What this task involves
Search the records for the string "high", and show each line where it appears.

Information provided
.....

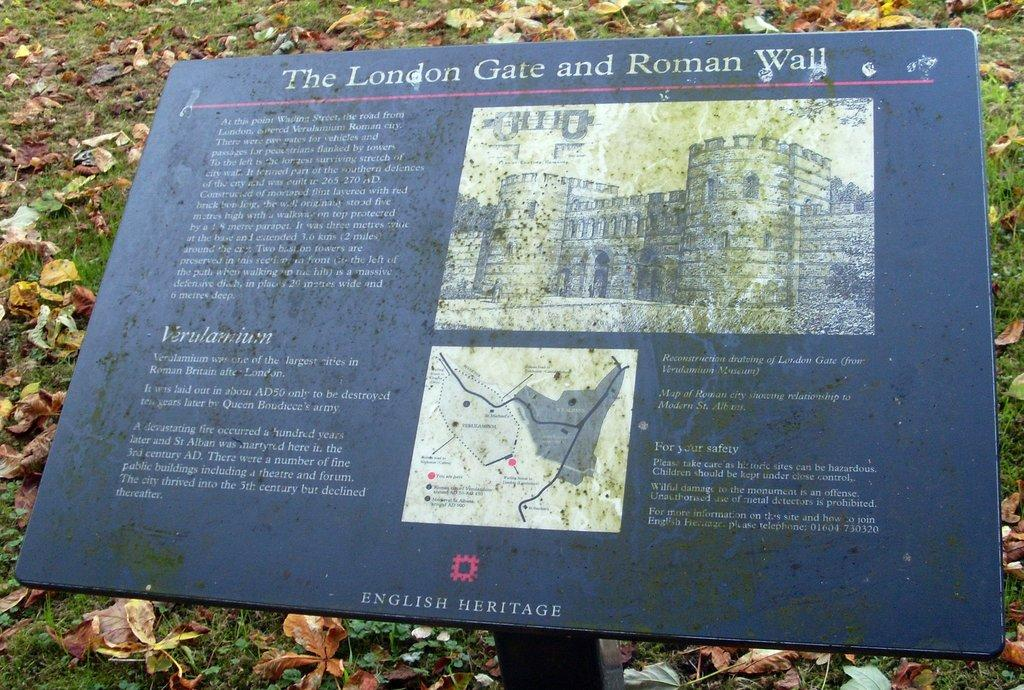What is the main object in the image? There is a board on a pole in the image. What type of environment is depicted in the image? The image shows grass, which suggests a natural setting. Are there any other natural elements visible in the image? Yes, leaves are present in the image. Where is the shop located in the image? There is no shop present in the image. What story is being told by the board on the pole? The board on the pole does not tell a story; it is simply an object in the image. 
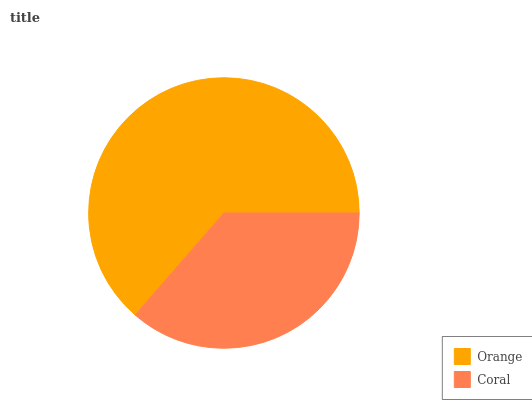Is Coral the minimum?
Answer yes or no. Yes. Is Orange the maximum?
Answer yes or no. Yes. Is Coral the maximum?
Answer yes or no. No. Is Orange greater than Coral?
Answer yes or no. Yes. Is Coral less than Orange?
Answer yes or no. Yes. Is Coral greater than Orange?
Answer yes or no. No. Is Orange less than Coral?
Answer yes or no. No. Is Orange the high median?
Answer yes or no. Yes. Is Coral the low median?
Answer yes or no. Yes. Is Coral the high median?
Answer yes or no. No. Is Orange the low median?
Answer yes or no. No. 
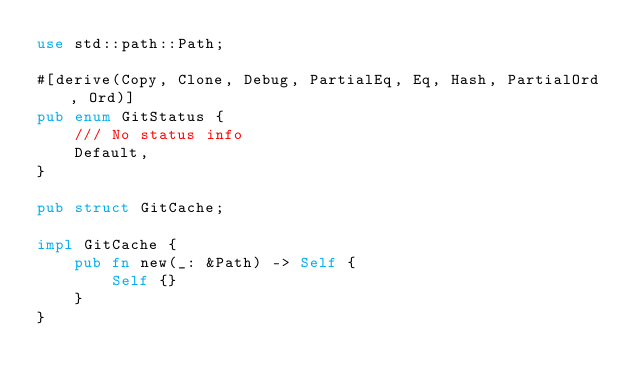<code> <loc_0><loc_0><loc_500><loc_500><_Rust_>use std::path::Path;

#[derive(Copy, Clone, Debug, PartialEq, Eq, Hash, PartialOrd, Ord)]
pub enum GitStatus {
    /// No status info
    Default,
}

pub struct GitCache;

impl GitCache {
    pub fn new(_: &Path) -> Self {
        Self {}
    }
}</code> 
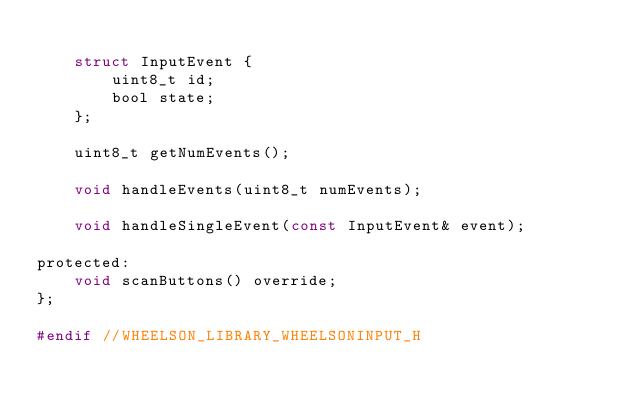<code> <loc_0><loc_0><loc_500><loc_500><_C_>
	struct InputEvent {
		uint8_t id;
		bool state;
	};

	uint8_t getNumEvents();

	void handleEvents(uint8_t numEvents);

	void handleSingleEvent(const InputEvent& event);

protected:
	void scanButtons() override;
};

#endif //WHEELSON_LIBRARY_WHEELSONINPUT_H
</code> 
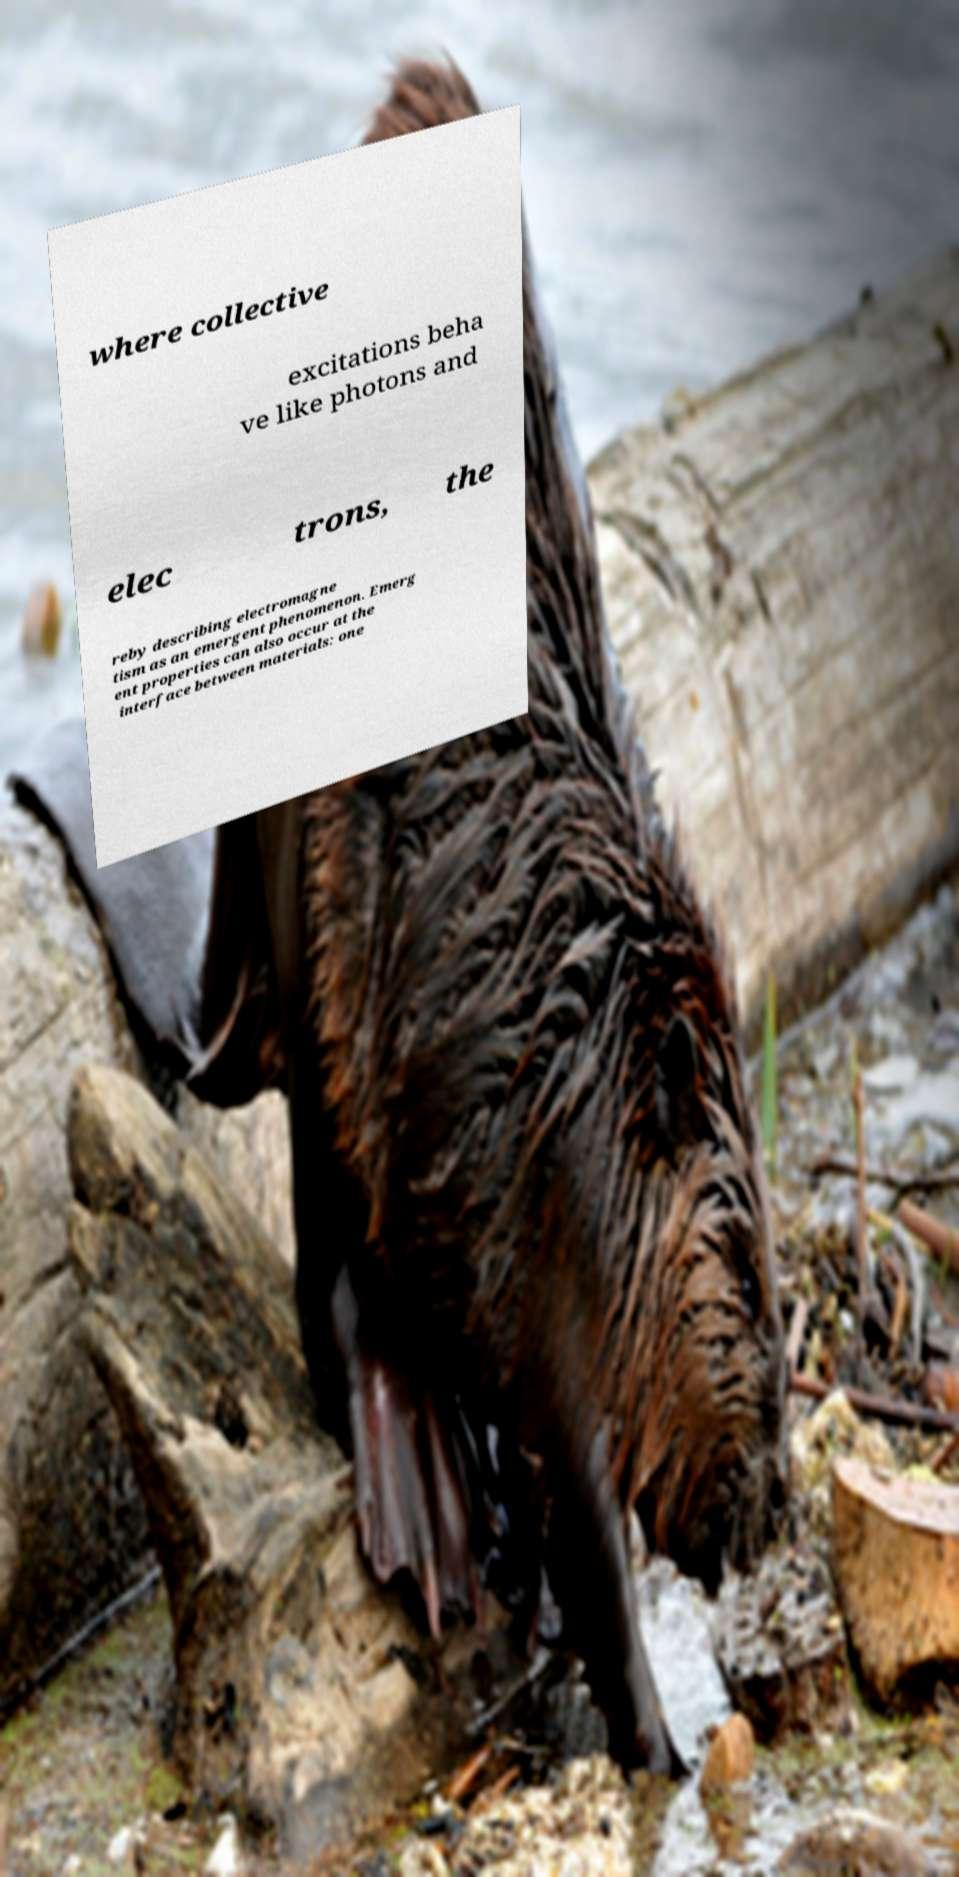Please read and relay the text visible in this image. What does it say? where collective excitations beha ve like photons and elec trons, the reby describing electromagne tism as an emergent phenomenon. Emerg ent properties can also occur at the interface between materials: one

.....

Answer for the task
Answer yes or no. No. Is Orange the high median?
Answer yes or no. Yes. Is Coral the high median?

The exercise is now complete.